Pseudohypoaldosteronism is a rare genetic disorder that affects how your kidneys respond to aldosterone. Aldosterone is a hormone that helps control the balance of sodium and potassium in your body. In this condition, the kidneys do not respond properly to aldosterone signals, even when aldosterone levels are normal or high.
This resistance causes your body to hold onto too much potassium, leading to high blood potassium levels called hyperkalemia. At the same time, you may lose too much sodium through urine, which can cause dehydration and other complications. The condition is usually detected in infancy or early childhood when symptoms first appear.

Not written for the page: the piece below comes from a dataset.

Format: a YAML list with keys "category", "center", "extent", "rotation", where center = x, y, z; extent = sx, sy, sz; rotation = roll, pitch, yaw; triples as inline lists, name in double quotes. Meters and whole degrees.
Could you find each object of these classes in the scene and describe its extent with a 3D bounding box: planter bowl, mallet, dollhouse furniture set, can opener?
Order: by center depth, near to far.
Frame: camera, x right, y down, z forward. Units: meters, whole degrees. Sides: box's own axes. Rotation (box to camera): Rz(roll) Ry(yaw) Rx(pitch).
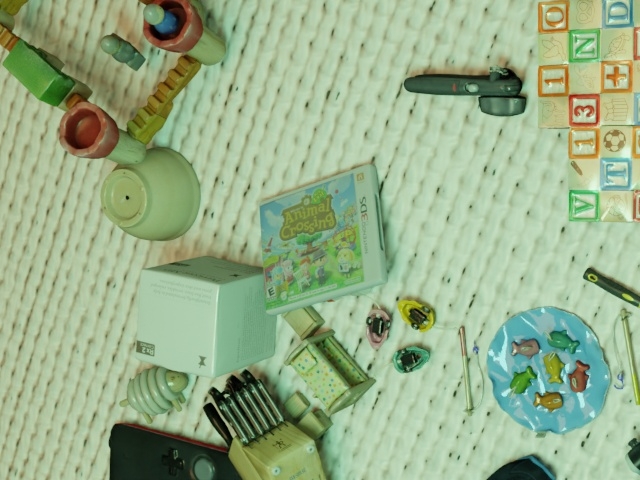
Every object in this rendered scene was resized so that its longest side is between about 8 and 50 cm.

There are two main types of pseudohypoaldosteronism. Type 1 can be temporary or lifelong, depending on whether it affects the whole body or just the kidneys. Type 2 is usually milder and may not show up until later in childhood or adulthood. Understanding your potassium levels through regular blood testing is key to managing this condition safely.
Symptoms
- Excessive salt loss and dehydration in infants
- Failure to gain weight or grow properly
- Vomiting and poor feeding in babies
- Muscle weakness or fatigue
- Irregular heartbeat or heart palpitations
- Frequent respiratory infections
- Low blood pressure
- Increased thirst and urination
Some people with milder forms of pseudohypoaldosteronism may have few noticeable symptoms early in life. The condition is often discovered during routine blood work that shows elevated potassium levels. Early detection through blood testing helps prevent serious complications.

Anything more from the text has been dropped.